Ora so cosa vorrei, lo so con certezza: un palese affetto  che non lesina nelle dimostrazioni, non soltanto nell’accudire la quotidianità ma che sia fatto di gesti dati e ricevuti, voglio  no anzi vorrei…baci sulle guance. Soprattutto dei più piccini di casa. Quei baci fatti di zucchero e caramelle appena succhiate, vorrei che i più grandi mi raccontassero dei loro amori, amori nascenti o maturi, ma sempre amori. Vorrei essere partecipe dei loro affanni, dolori ma anche gioie e se poi dovessi dimenticare tutto, come purtroppo avviene, vorrei che avessero pazienza e senza noia ritornassero a raccontare.
Solo così il presente diverrebbe passato e forse potrei ricordare.
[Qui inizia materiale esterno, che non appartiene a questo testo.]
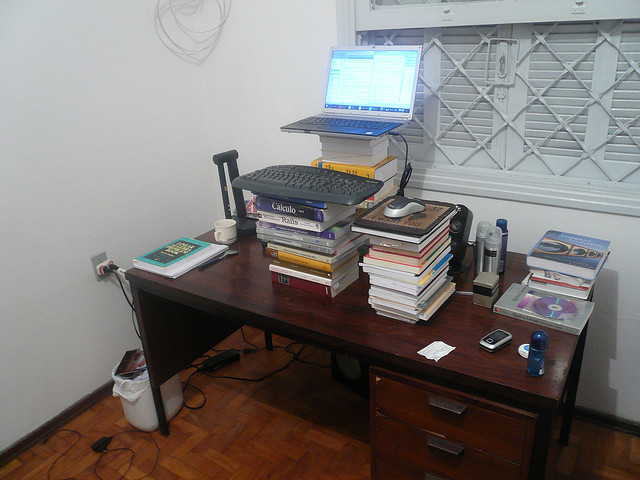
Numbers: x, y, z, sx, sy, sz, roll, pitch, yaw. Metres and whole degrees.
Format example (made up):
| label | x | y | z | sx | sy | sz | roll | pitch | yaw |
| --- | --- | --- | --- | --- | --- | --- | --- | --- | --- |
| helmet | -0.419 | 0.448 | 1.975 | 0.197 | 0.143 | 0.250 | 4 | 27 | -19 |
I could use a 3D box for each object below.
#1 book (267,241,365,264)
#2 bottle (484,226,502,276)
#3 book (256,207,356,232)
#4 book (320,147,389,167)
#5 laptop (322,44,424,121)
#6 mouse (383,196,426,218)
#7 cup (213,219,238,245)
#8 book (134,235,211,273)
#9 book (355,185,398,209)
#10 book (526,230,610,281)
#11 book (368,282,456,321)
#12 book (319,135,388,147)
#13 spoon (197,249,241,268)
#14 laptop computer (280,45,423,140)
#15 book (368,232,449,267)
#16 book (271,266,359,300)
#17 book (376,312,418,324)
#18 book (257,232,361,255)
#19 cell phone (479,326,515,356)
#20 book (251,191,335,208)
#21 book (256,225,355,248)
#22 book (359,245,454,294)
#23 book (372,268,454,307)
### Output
| label | x | y | z | sx | sy | sz | roll | pitch | yaw |
| --- | --- | --- | --- | --- | --- | --- | --- | --- | --- |
| book | -0.059 | 0.046 | 1.856 | 0.152 | 0.020 | 0.162 | 11 | 20 | 30 |
| bottle | 0.686 | 0.050 | 1.854 | 0.069 | 0.202 | 0.063 | -2 | 17 | 1 |
| book | -0.096 | -0.073 | 1.865 | 0.182 | 0.034 | 0.187 | 14 | 23 | 32 |
| book | 0.151 | -0.369 | 2.093 | 0.158 | 0.032 | 0.152 | 10 | 25 | 24 |
| laptop | 0.306 | -0.767 | 2.273 | 0.567 | 0.360 | 0.330 | 13 | 34 | 24 |
| mouse | 0.312 | -0.133 | 1.733 | 0.135 | 0.039 | 0.079 | -17 | 26 | -34 |
| cup | -0.455 | -0.039 | 2.249 | 0.091 | 0.087 | 0.133 | 10 | 26 | 18 |
| book | -0.686 | 0.068 | 2.146 | 0.245 | 0.040 | 0.264 | 14 | 32 | 40 |
| book | 0.253 | -0.186 | 2.103 | 0.153 | 0.032 | 0.149 | 8 | 25 | 29 |
| book | 0.960 | 0.052 | 1.809 | 0.321 | 0.045 | 0.294 | -6 | 31 | 2 |
| book | 0.395 | 0.218 | 1.708 | 0.167 | 0.024 | 0.184 | 12 | 32 | 44 |
| book | 0.116 | -0.430 | 2.046 | 0.142 | 0.017 | 0.122 | 9 | 23 | 21 |
| spoon | -0.465 | 0.079 | 2.110 | 0.066 | 0.016 | 0.184 | 15 | 25 | 35 |
| laptop computer | 0.146 | -0.665 | 2.096 | 0.506 | 0.361 | 0.423 | 16 | 32 | 31 |
| book | 0.272 | 0.043 | 1.646 | 0.134 | 0.019 | 0.146 | 14 | 30 | 39 |
| book | -0.036 | 0.150 | 1.880 | 0.186 | 0.038 | 0.181 | 10 | 20 | 30 |
| book | 0.288 | 0.282 | 1.678 | 0.071 | 0.014 | 0.048 | 12 | 11 | 25 |
| book | -0.060 | 0.014 | 1.864 | 0.166 | 0.021 | 0.175 | 12 | 19 | 29 |
| cell phone | 0.583 | 0.328 | 1.550 | 0.116 | 0.024 | 0.062 | -24 | 29 | -33 |
| book | -0.098 | -0.154 | 1.821 | 0.128 | 0.024 | 0.132 | 14 | 22 | 29 |
| book | -0.094 | -0.013 | 1.857 | 0.170 | 0.021 | 0.160 | 11 | 19 | 22 |
| book | 0.268 | 0.084 | 1.667 | 0.200 | 0.042 | 0.198 | -23 | 25 | -38 |
| book | 0.292 | 0.157 | 1.667 | 0.150 | 0.023 | 0.179 | 8 | 21 | 34 |

Ma questa mia malattia non è solo cattiva, ha anche un aspetto positivo, mi mette al riparo da molte cose. Tra le pieghe della memoria non rimane traccia di assenze, mancanze, di lutti recenti, di sgarbi. Forse soffro meno. Forse…. Una domanda però è sempre in me: agli occhi di Dio conta di più il tempo vissuto, quello lontano nel tempo,  quando ero sempre me stessa, lavoravo, producevo, non ero un “peso” anzi aiutavo e forse avevo un valore per gli altri o anche  il mio tempo presente,  se soppesato, è prezioso?
E’ un tempo presente vissuto in poltrona,  con la memoria lontana persa in un passato remoto in cui gli uomini non tornano con i ricordi, ma rivivono solo per poco, con le parole di gesti passati che non hanno fatto la storia.
Ora chiudo gli occhi, sono stanca, non dormo, ascolto chi mi vive accanto perché costretta dagli eventi, cerco la sua mano, è l’unico contatto vivo in questo pomeriggio… forse d’inverno.